[[ Available data, beginning ]]

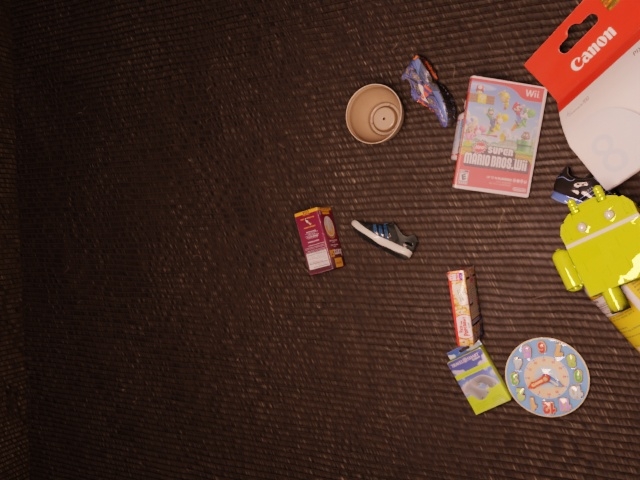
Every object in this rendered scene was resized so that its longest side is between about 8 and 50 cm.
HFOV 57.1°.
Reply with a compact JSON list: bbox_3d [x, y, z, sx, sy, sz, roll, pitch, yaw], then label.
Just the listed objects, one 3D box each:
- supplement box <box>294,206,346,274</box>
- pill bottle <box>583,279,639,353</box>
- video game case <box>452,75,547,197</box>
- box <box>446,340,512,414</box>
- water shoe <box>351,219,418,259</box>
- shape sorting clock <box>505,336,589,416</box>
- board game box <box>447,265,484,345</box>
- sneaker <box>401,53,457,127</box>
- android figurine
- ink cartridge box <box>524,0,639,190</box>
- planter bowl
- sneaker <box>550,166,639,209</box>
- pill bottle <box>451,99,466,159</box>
[{"bbox_3d":[0.000,0.000,1.754,0.081,0.104,0.188,-17,86,25],"label":"supplement box"},{"bbox_3d":[0.744,0.122,1.364,0.188,0.188,0.334,-43,75,21],"label":"pill bottle"},{"bbox_3d":[0.460,-0.263,1.511,0.204,0.025,0.285,7,96,-7],"label":"video game case"},{"bbox_3d":[0.429,0.369,1.606,0.109,0.042,0.178,-33,80,23],"label":"box"},{"bbox_3d":[0.186,-0.019,1.697,0.203,0.073,0.080,30,78,21],"label":"water shoe"},{"bbox_3d":[0.587,0.356,1.531,0.206,0.040,0.206,1,93,25],"label":"shape sorting clock"},{"bbox_3d":[0.387,0.169,1.558,0.045,0.147,0.193,-8,88,25],"label":"board game box"},{"bbox_3d":[0.299,-0.399,1.617,0.087,0.083,0.221,-36,72,36],"label":"sneaker"},{"bbox_3d":[0.635,0.014,1.287,0.248,0.056,0.272,-30,70,35],"label":"android figurine"},{"bbox_3d":[0.657,-0.350,1.326,0.385,0.091,0.308,54,146,11],"label":"ink cartridge box"},{"bbox_3d":[0.166,-0.349,1.655,0.162,0.109,0.162,2,94,25],"label":"planter bowl"},{"bbox_3d":[0.689,-0.109,1.436,0.232,0.081,0.090,22,107,23],"label":"sneaker"},{"bbox_3d":[0.402,-0.286,1.559,0.087,0.087,0.160,12,98,24],"label":"pill bottle"}]

[[ Available data, end ]]

**Task details:**
A faithful copy of the records above is needed, with the pictures left out.

**Answer for the task:**
Every object in this rendered scene was resized so that its longest side is between about 8 and 50 cm.
HFOV 57.1°.
Reply with a compact JSON list: bbox_3d [x, y, z, sx, sy, sz, roll, pitch, yaw], then label.
Just the listed objects, one 3D box each:
- supplement box <box>294,206,346,274</box>
- pill bottle <box>583,279,639,353</box>
- video game case <box>452,75,547,197</box>
- box <box>446,340,512,414</box>
- water shoe <box>351,219,418,259</box>
- shape sorting clock <box>505,336,589,416</box>
- board game box <box>447,265,484,345</box>
- sneaker <box>401,53,457,127</box>
- android figurine
- ink cartridge box <box>524,0,639,190</box>
- planter bowl
- sneaker <box>550,166,639,209</box>
- pill bottle <box>451,99,466,159</box>
[{"bbox_3d":[0.000,0.000,1.754,0.081,0.104,0.188,-17,86,25],"label":"supplement box"},{"bbox_3d":[0.744,0.122,1.364,0.188,0.188,0.334,-43,75,21],"label":"pill bottle"},{"bbox_3d":[0.460,-0.263,1.511,0.204,0.025,0.285,7,96,-7],"label":"video game case"},{"bbox_3d":[0.429,0.369,1.606,0.109,0.042,0.178,-33,80,23],"label":"box"},{"bbox_3d":[0.186,-0.019,1.697,0.203,0.073,0.080,30,78,21],"label":"water shoe"},{"bbox_3d":[0.587,0.356,1.531,0.206,0.040,0.206,1,93,25],"label":"shape sorting clock"},{"bbox_3d":[0.387,0.169,1.558,0.045,0.147,0.193,-8,88,25],"label":"board game box"},{"bbox_3d":[0.299,-0.399,1.617,0.087,0.083,0.221,-36,72,36],"label":"sneaker"},{"bbox_3d":[0.635,0.014,1.287,0.248,0.056,0.272,-30,70,35],"label":"android figurine"},{"bbox_3d":[0.657,-0.350,1.326,0.385,0.091,0.308,54,146,11],"label":"ink cartridge box"},{"bbox_3d":[0.166,-0.349,1.655,0.162,0.109,0.162,2,94,25],"label":"planter bowl"},{"bbox_3d":[0.689,-0.109,1.436,0.232,0.081,0.090,22,107,23],"label":"sneaker"},{"bbox_3d":[0.402,-0.286,1.559,0.087,0.087,0.160,12,98,24],"label":"pill bottle"}]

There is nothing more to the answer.